Wednesday, March 19, 2014

State Monitors River Conditions for Potential Flooding

The following is from the Nebraska Emergency Management Agency
State Monitors River Conditions for Potential Flooding

(Lincoln, Neb.) Potential for 2014 flooding is currently being monitored by the Nebraska Emergency Management Agency (NEMA) and its partner state agencies. As mountain snowpack begins to melt, potential flooding could occur. NEMA is gathering information and aggressively monitoring conditions to identify and ready potential flood response resources, if needed.

“The historic flooding of 2011 caused significant damage to homes, farms, ranches, businesses and infrastructure,” said Gov. Dave Heineman. “After that flooding, I invited Governors from the basin states directly affected by the Missouri River flooding to discuss the impact of flooding. As a result of our meetings, we reached a consensus that flood control must be the highest priority of the U.S. Army Corps of Engineers in the operation of the Missouri River Mainstem Reservoir System.”

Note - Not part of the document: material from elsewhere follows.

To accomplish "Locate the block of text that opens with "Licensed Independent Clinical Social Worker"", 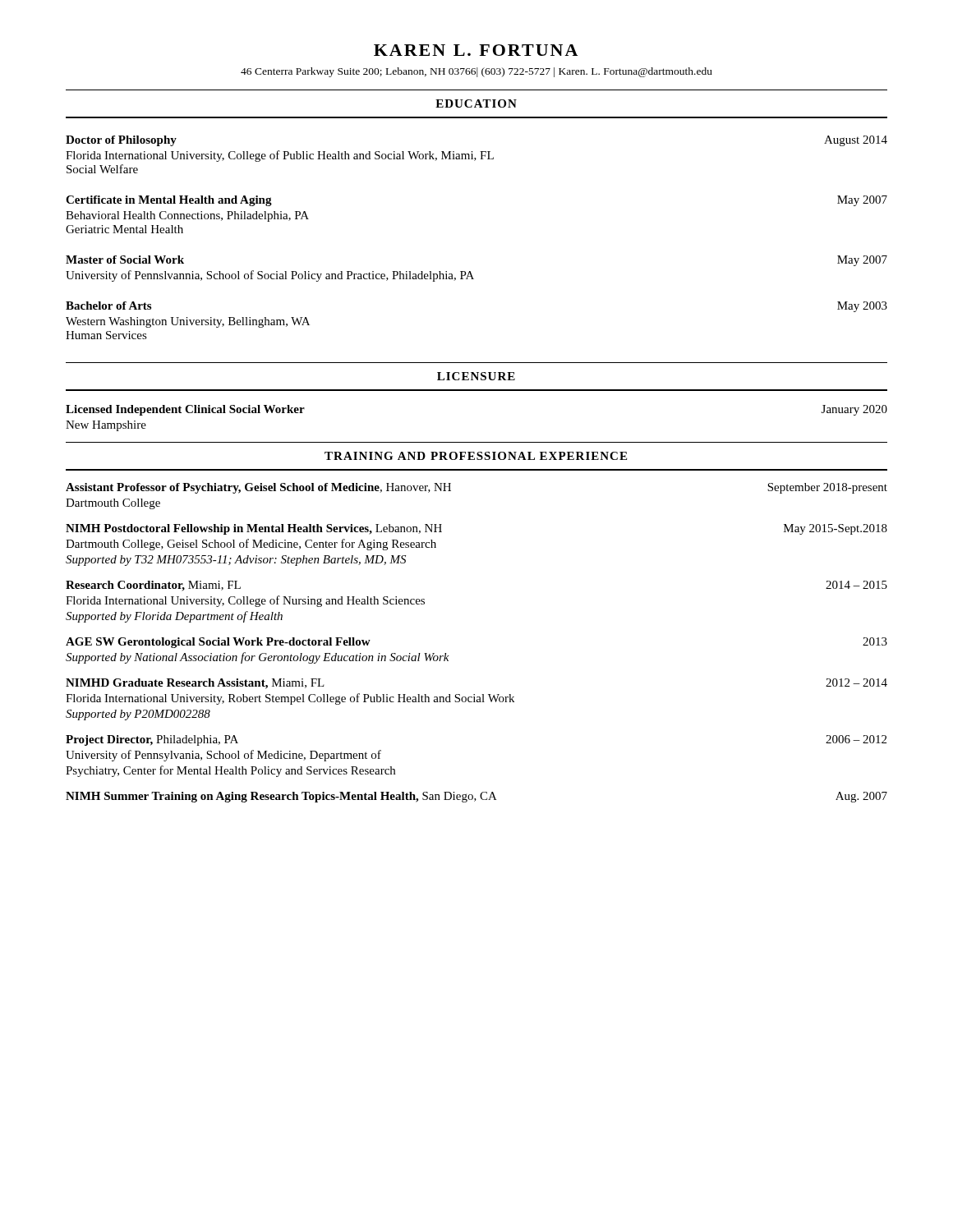I will (x=188, y=410).

“The U.S. Army Corps of Engineers has notified us that the storage capacity in the reservoirs is greater than normal,” said Earl Imler, response and recovery section manager, NEMA. “The upper three reservoirs in the Missouri River Mainstem Reservoir System remain 5 to 11 feet below target levels according to the Corps. With this additional space available, the Corps advises that flooding like 2011 is unlikely. Localized weather events could increase the chance for flooding, and we will continue to monitor the river and weather conditions.”

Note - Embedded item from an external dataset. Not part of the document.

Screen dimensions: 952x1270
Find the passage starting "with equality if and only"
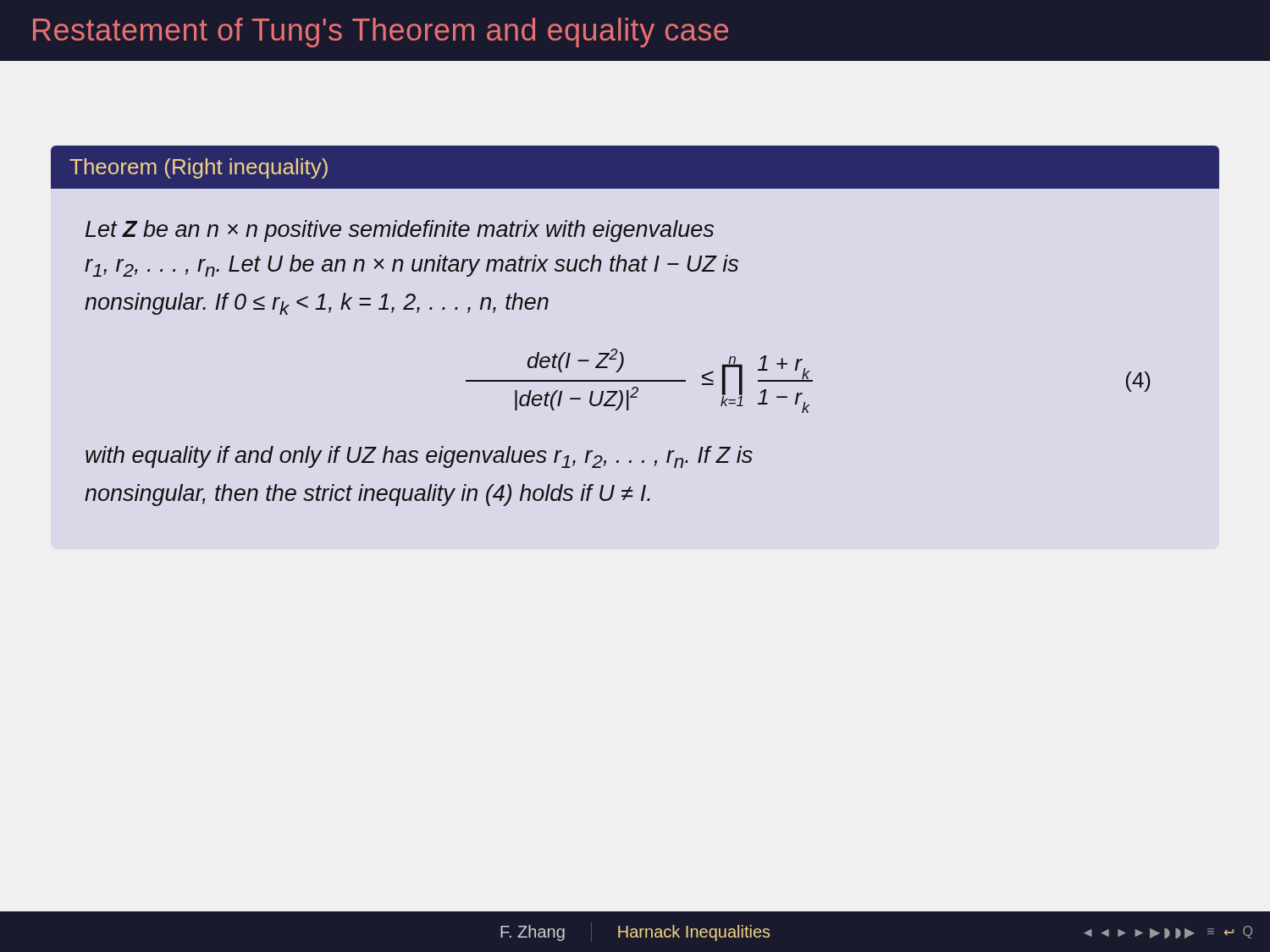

The U.S. Army Corps of Engineers has scheduled six public meetings in the Missouri River Basin to provide information and updates on current Missouri River Basin conditions. For Nebraska residents, the two closest meetings are:
·         April 8, 7:00 p.m. (CDT), Lewis and Clark Center, 100 Valmont Drive, Nebraska City
·         April 9, 11:00 a.m. (CDT), Capitol Lake Visitor Center, 650 E. Capitol Ave., Pierre, S.D.

Gov. Heineman has instructed NEMA to continue to do risk assessments on the potential for flooding and to be ready to respond, if necessary.